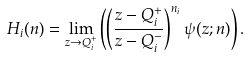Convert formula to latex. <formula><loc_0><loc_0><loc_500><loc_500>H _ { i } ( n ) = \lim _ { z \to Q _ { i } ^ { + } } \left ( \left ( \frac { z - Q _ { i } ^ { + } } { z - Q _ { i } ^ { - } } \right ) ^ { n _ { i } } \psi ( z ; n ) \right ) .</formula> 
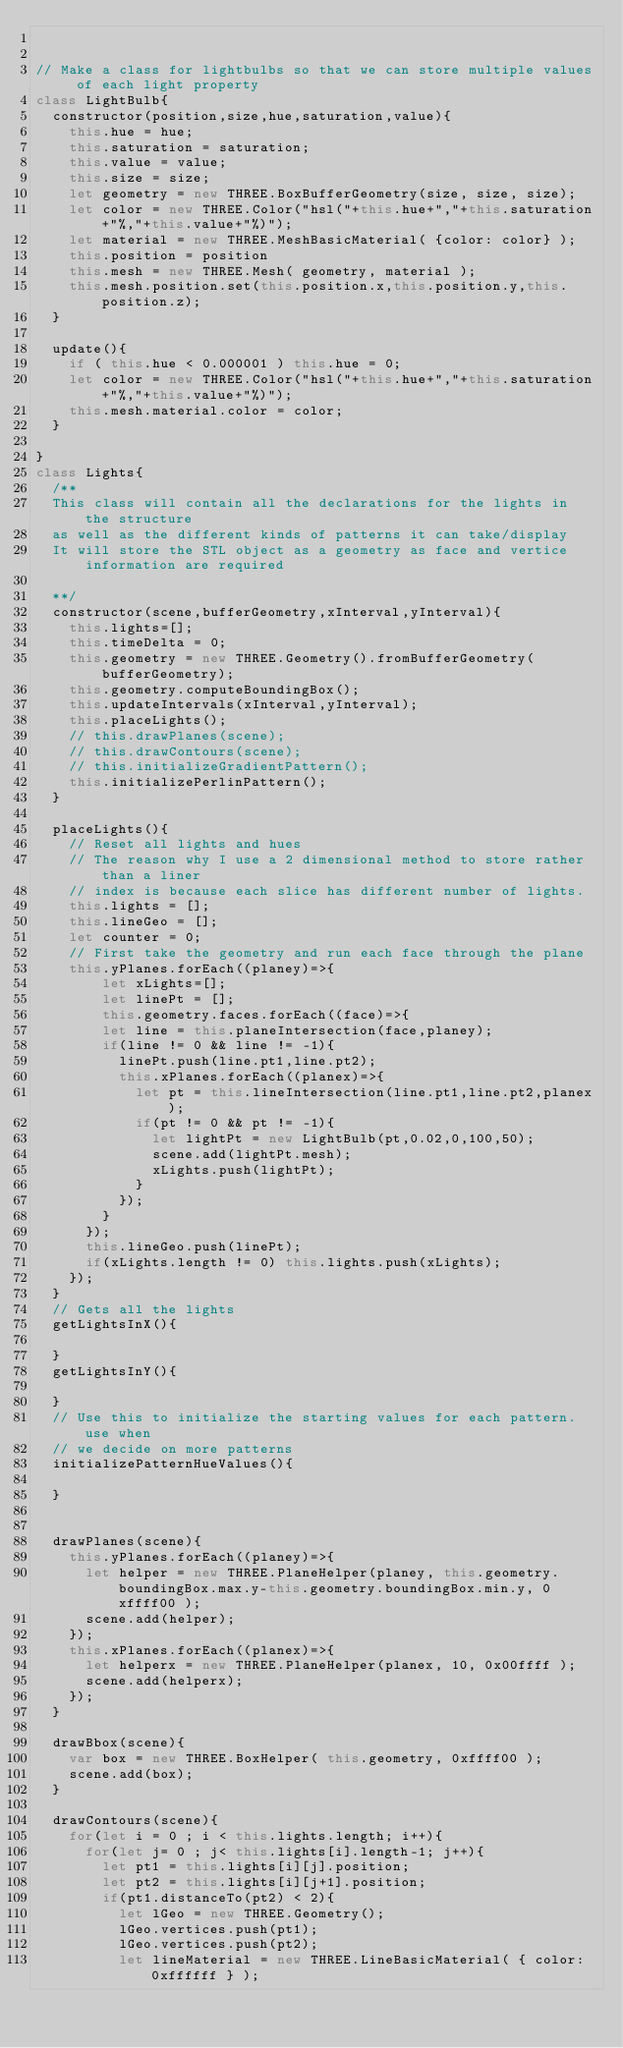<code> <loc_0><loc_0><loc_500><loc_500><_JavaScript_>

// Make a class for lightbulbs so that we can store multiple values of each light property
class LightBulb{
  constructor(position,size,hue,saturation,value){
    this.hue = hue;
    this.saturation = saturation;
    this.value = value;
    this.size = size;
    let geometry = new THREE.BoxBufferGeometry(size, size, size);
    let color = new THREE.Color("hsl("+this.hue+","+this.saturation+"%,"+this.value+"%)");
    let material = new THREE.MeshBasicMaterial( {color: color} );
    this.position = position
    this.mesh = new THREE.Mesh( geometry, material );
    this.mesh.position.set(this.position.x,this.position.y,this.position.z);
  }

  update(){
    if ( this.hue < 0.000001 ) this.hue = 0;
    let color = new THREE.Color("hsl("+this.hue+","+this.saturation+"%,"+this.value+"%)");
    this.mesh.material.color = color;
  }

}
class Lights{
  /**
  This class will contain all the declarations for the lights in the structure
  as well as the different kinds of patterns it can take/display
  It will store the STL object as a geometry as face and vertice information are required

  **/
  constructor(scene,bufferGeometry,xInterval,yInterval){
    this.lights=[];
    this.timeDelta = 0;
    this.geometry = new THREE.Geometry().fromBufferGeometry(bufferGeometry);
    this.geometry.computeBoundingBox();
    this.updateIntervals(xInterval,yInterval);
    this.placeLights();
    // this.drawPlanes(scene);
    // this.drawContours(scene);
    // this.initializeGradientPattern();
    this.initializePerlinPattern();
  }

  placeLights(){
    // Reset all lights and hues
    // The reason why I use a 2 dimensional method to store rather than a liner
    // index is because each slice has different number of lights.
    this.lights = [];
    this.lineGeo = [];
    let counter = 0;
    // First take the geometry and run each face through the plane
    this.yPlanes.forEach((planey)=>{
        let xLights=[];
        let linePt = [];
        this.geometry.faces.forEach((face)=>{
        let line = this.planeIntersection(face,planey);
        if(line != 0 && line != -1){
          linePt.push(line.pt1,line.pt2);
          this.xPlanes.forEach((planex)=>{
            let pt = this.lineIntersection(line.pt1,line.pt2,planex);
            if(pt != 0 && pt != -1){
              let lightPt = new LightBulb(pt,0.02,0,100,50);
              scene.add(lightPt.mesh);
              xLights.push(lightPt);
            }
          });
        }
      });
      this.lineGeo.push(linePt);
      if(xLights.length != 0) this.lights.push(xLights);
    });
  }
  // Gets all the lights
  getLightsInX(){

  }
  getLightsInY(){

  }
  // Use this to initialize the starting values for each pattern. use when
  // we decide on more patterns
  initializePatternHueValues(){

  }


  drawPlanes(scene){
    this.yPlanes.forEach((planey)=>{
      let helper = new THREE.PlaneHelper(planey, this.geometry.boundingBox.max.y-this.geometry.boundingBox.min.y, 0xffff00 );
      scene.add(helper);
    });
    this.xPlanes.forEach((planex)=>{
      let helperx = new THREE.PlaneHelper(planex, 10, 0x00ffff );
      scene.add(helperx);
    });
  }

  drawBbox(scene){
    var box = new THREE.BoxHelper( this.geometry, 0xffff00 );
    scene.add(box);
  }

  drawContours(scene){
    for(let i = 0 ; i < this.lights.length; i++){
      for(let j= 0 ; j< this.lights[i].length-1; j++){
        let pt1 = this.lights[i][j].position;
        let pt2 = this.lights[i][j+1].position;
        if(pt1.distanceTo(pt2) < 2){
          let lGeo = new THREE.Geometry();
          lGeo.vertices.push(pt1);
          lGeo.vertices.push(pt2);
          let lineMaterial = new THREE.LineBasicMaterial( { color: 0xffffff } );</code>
.....
> **EXERCISE PROMPT**
Set down the whole listing word for word, omitting the pictures.

> **ANSWER TO THIS EXERCISE**
Convert formula to latex. <formula><loc_0><loc_0><loc_500><loc_500>H _ { i } ( n ) = \lim _ { z \to Q _ { i } ^ { + } } \left ( \left ( \frac { z - Q _ { i } ^ { + } } { z - Q _ { i } ^ { - } } \right ) ^ { n _ { i } } \psi ( z ; n ) \right ) .</formula> 
<code> <loc_0><loc_0><loc_500><loc_500><_JavaScript_>

// Make a class for lightbulbs so that we can store multiple values of each light property
class LightBulb{
  constructor(position,size,hue,saturation,value){
    this.hue = hue;
    this.saturation = saturation;
    this.value = value;
    this.size = size;
    let geometry = new THREE.BoxBufferGeometry(size, size, size);
    let color = new THREE.Color("hsl("+this.hue+","+this.saturation+"%,"+this.value+"%)");
    let material = new THREE.MeshBasicMaterial( {color: color} );
    this.position = position
    this.mesh = new THREE.Mesh( geometry, material );
    this.mesh.position.set(this.position.x,this.position.y,this.position.z);
  }

  update(){
    if ( this.hue < 0.000001 ) this.hue = 0;
    let color = new THREE.Color("hsl("+this.hue+","+this.saturation+"%,"+this.value+"%)");
    this.mesh.material.color = color;
  }

}
class Lights{
  /**
  This class will contain all the declarations for the lights in the structure
  as well as the different kinds of patterns it can take/display
  It will store the STL object as a geometry as face and vertice information are required

  **/
  constructor(scene,bufferGeometry,xInterval,yInterval){
    this.lights=[];
    this.timeDelta = 0;
    this.geometry = new THREE.Geometry().fromBufferGeometry(bufferGeometry);
    this.geometry.computeBoundingBox();
    this.updateIntervals(xInterval,yInterval);
    this.placeLights();
    // this.drawPlanes(scene);
    // this.drawContours(scene);
    // this.initializeGradientPattern();
    this.initializePerlinPattern();
  }

  placeLights(){
    // Reset all lights and hues
    // The reason why I use a 2 dimensional method to store rather than a liner
    // index is because each slice has different number of lights.
    this.lights = [];
    this.lineGeo = [];
    let counter = 0;
    // First take the geometry and run each face through the plane
    this.yPlanes.forEach((planey)=>{
        let xLights=[];
        let linePt = [];
        this.geometry.faces.forEach((face)=>{
        let line = this.planeIntersection(face,planey);
        if(line != 0 && line != -1){
          linePt.push(line.pt1,line.pt2);
          this.xPlanes.forEach((planex)=>{
            let pt = this.lineIntersection(line.pt1,line.pt2,planex);
            if(pt != 0 && pt != -1){
              let lightPt = new LightBulb(pt,0.02,0,100,50);
              scene.add(lightPt.mesh);
              xLights.push(lightPt);
            }
          });
        }
      });
      this.lineGeo.push(linePt);
      if(xLights.length != 0) this.lights.push(xLights);
    });
  }
  // Gets all the lights
  getLightsInX(){

  }
  getLightsInY(){

  }
  // Use this to initialize the starting values for each pattern. use when
  // we decide on more patterns
  initializePatternHueValues(){

  }


  drawPlanes(scene){
    this.yPlanes.forEach((planey)=>{
      let helper = new THREE.PlaneHelper(planey, this.geometry.boundingBox.max.y-this.geometry.boundingBox.min.y, 0xffff00 );
      scene.add(helper);
    });
    this.xPlanes.forEach((planex)=>{
      let helperx = new THREE.PlaneHelper(planex, 10, 0x00ffff );
      scene.add(helperx);
    });
  }

  drawBbox(scene){
    var box = new THREE.BoxHelper( this.geometry, 0xffff00 );
    scene.add(box);
  }

  drawContours(scene){
    for(let i = 0 ; i < this.lights.length; i++){
      for(let j= 0 ; j< this.lights[i].length-1; j++){
        let pt1 = this.lights[i][j].position;
        let pt2 = this.lights[i][j+1].position;
        if(pt1.distanceTo(pt2) < 2){
          let lGeo = new THREE.Geometry();
          lGeo.vertices.push(pt1);
          lGeo.vertices.push(pt2);
          let lineMaterial = new THREE.LineBasicMaterial( { color: 0xffffff } );</code>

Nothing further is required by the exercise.